_DATA FOR ANALYSIS_:

= = = =

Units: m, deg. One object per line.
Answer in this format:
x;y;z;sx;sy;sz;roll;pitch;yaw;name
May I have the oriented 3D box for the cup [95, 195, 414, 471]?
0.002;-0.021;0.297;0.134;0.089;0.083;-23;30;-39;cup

= = = =

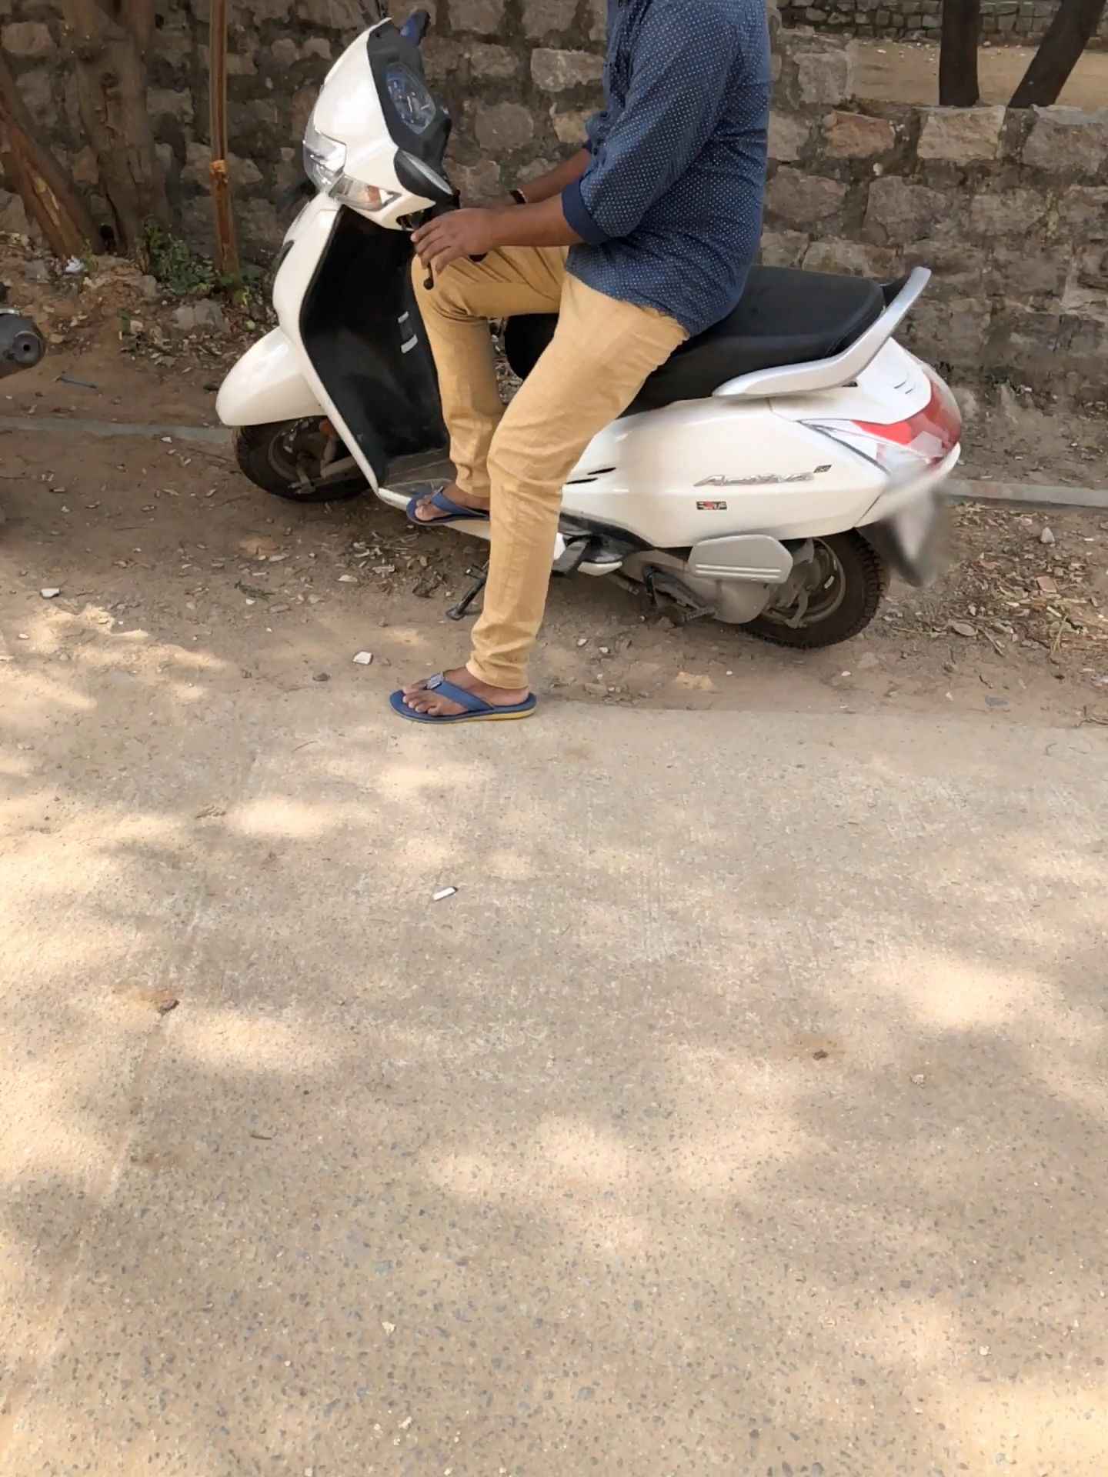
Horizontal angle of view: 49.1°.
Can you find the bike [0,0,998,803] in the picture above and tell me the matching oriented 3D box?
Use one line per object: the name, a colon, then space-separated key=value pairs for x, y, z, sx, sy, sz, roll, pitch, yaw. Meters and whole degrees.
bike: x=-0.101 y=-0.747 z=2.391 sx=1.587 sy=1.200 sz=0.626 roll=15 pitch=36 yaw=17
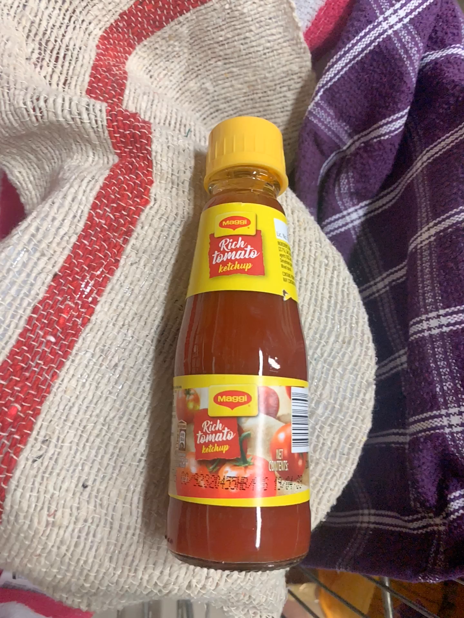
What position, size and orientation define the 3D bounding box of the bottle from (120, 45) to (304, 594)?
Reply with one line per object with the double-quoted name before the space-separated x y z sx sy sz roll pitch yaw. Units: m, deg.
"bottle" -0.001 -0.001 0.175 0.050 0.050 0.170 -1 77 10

= = = =

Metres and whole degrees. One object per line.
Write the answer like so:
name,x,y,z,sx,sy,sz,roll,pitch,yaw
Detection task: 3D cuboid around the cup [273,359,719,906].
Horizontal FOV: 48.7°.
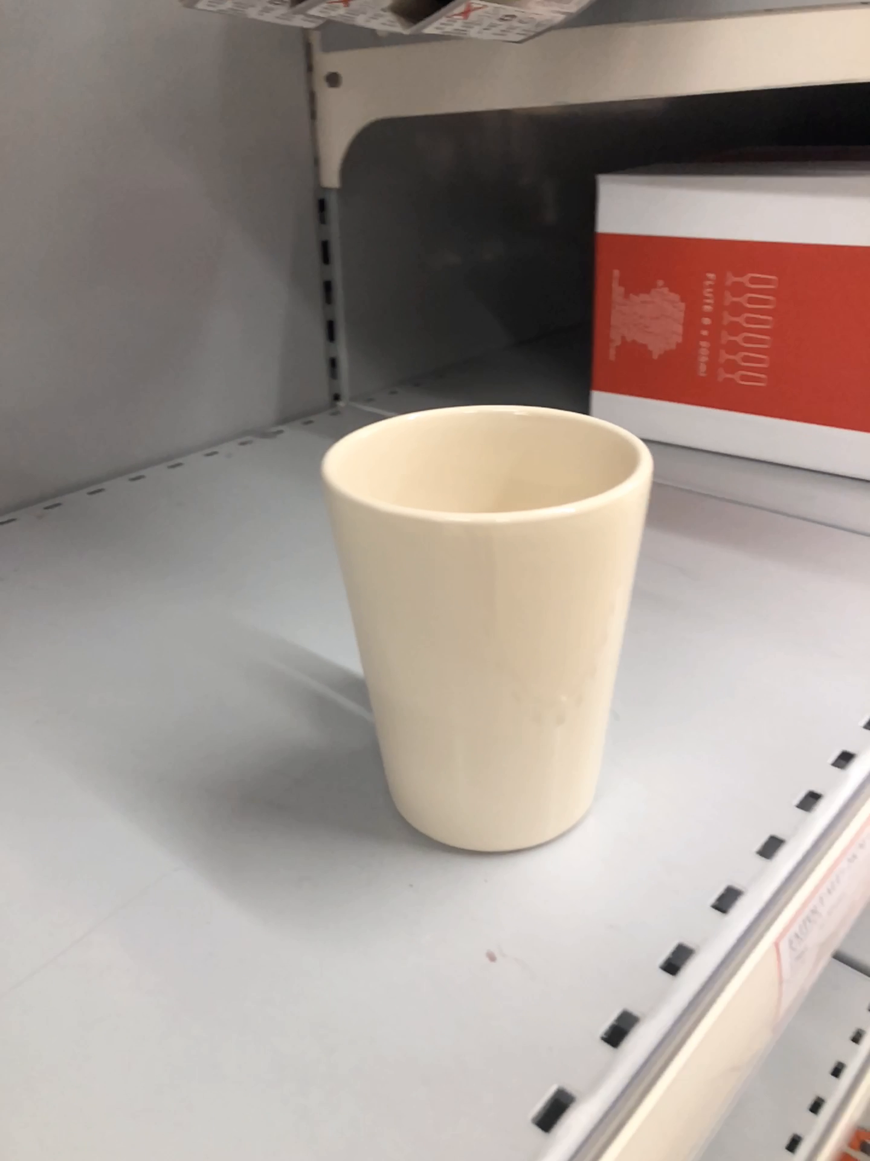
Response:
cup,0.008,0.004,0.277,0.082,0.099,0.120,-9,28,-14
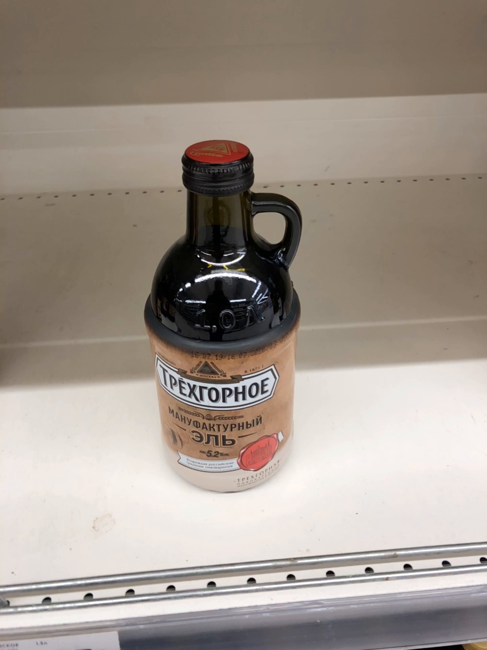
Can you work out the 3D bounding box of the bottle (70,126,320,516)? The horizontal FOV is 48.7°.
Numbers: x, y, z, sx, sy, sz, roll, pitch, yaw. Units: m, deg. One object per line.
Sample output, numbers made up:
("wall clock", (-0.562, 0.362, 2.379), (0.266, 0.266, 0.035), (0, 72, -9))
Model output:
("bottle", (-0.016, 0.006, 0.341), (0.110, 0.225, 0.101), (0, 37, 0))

= = = =

Give again the lines of the listing above that run from the one with "Write the answer" up to and including the one with "Sample output, numbers". Keep them exact and omit the pictures.

Write the answer like so:
name,x,y,z,sx,sy,sz,roll,pitch,yaw
Detection task: 3D cuboid around the cup [273,359,719,906].
Horizontal FOV: 48.7°.
Response:
cup,0.008,0.004,0.277,0.082,0.099,0.120,-9,28,-14
Can you work out the 3D bounding box of the bottle (70,126,320,516)? The horizontal FOV is 48.7°.
Numbers: x, y, z, sx, sy, sz, roll, pitch, yaw. Units: m, deg. One object per line.
Sample output, numbers made up:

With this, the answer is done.